Ele existe nesta cidade como tantos outros como ele existem em tantas cidades. Bem vestido, geralmente de calças de fato, de sapatos e de camisa branca, anda por entre as multidões vendendo flores, tentando, de certa maneira, acordar corações, juntar amores. E algum dinheirito para si e para a sua família, imagino. Não o conheço, não lhe sei a vida. Mas, quando o vejo, soa-me sempre a despedida.
Tem um olhar triste que parece não querer ser outro – é aquele que ele tem e é aquele que está condenado a ter para o resto da sua existência, como se fosse um mártir daquilo que faz. Parece que as flores que carrega são pesadas como a consciência que traz ou como a saudade que sente sabe-se lá de quem, sabe-se lá de onde, talvez do pai e da mãe, talvez do país.

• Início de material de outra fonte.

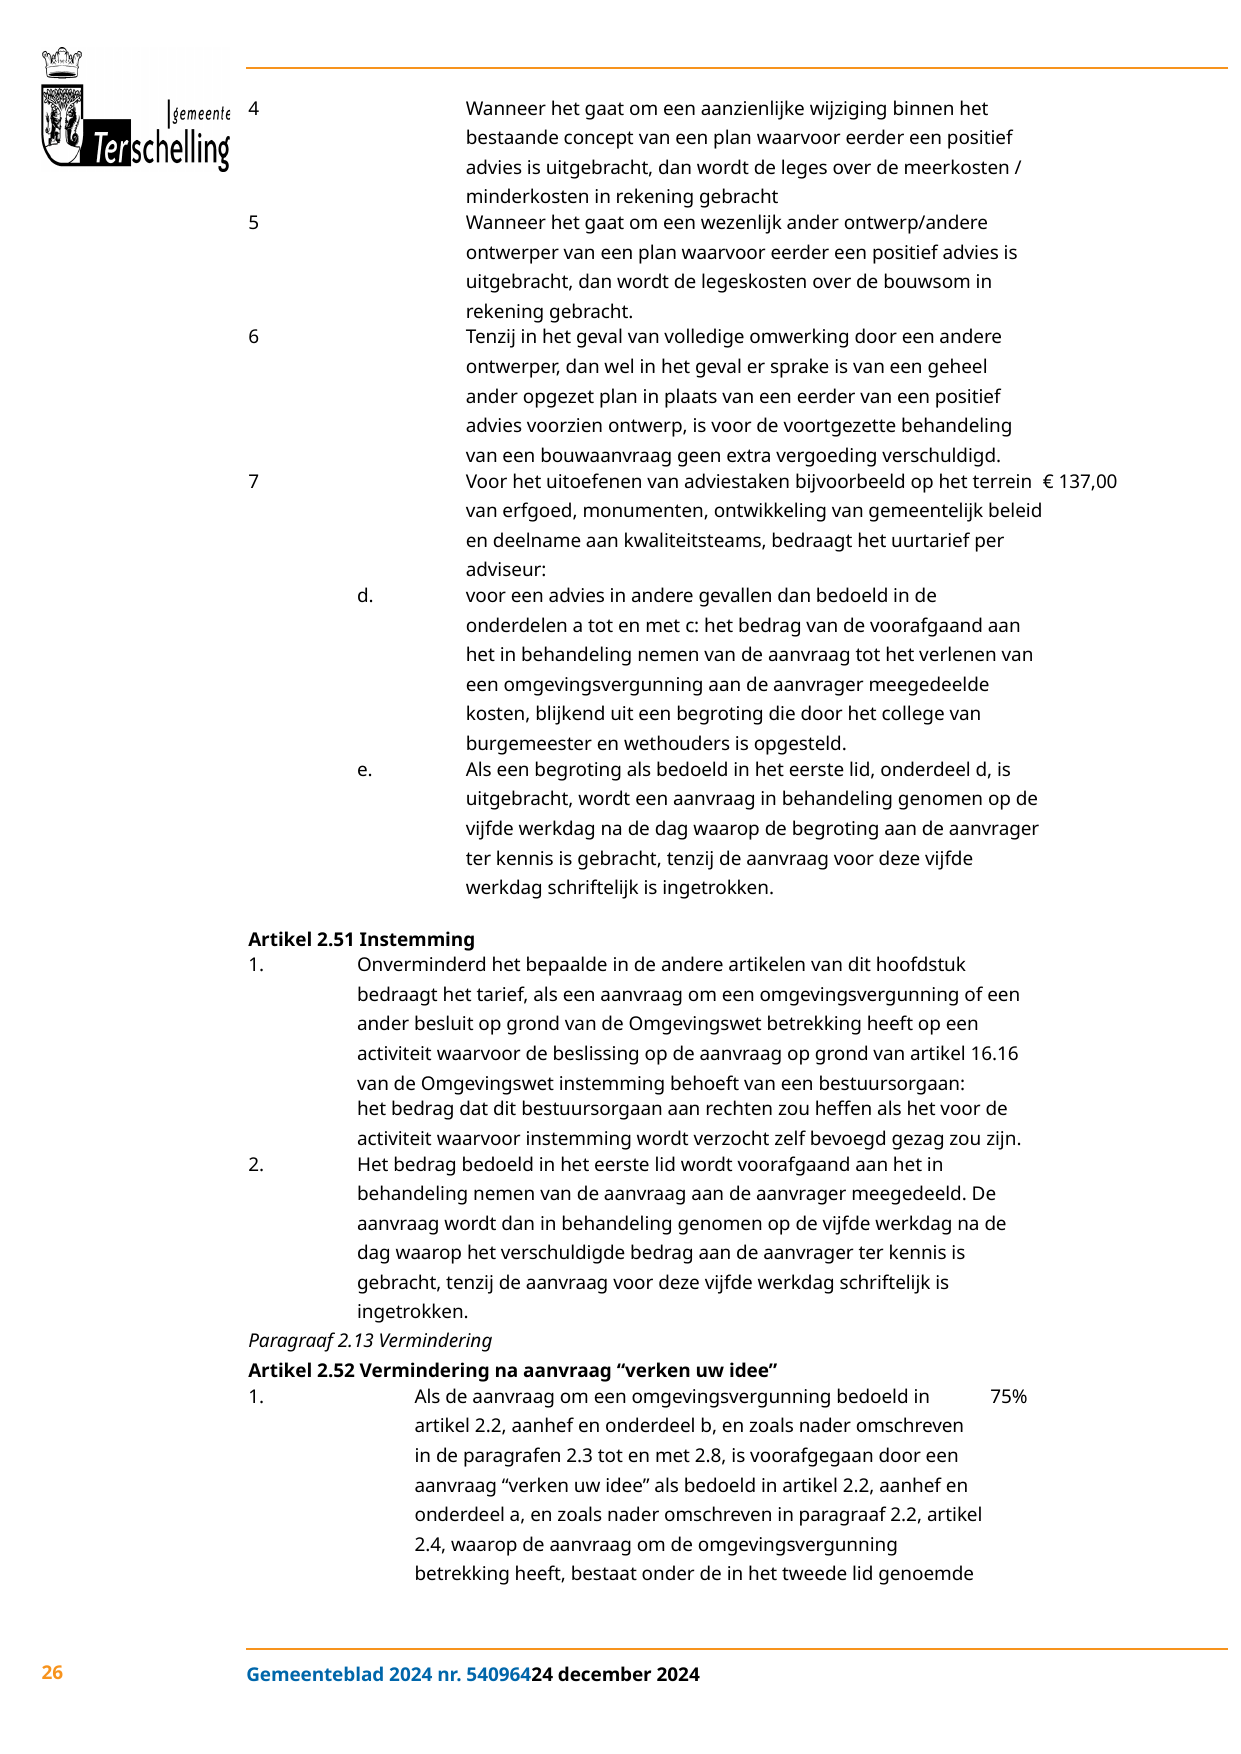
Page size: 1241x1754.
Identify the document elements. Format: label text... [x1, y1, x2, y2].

Por vezes, há quem lhe pergunte. Ele não diz. Guarda as palavras para si, talvez por vergonha do erro ao dizê-las numa língua que não é a sua, talvez, simplesmente, por não as querer dizer – não tem de as dizer. Basta-lhe a rua. Só pergunta à gente se a gente quer flor. Mais nada.
Anda vagabundo com vários ramos, como se fosse um chefe de mesa deambulando, vendendo amor. Meia dose, meia dúzia do que for. Vai a festas, vai a ruas, vai a todo o lado desde que haja gente a conversar, a jantar, a namorar. Vai a todo o lado, é de todo o lado, talvez por não se saber encontrar, talvez por não ser deste lugar. Mas, mesmo não sendo, faz parte dele. Este lugar não existe da mesma maneira se ele não existir também.
Faz parte da cidade, da calçada, do dia e da noite, das brincadeiras e dos engates. Por vezes, até faz parte das palavras preconceituosas, dos espinhos das suas rosas, e dos ataques. Mesmo assim, talvez ele até seja feliz.
Talvez o rosto que aparenta não seja reflexo do que sente. Se calhar ele até tenta ou, para ele, a felicidade é uma coisa diferente. E ele lá anda, sempre discreto, contornando vidas e conversas e bebidas e sem pressas. Devagarinho, fazendo a sua vida ao seu jeito. Pela sua cidade, com as suas rosas ao peito.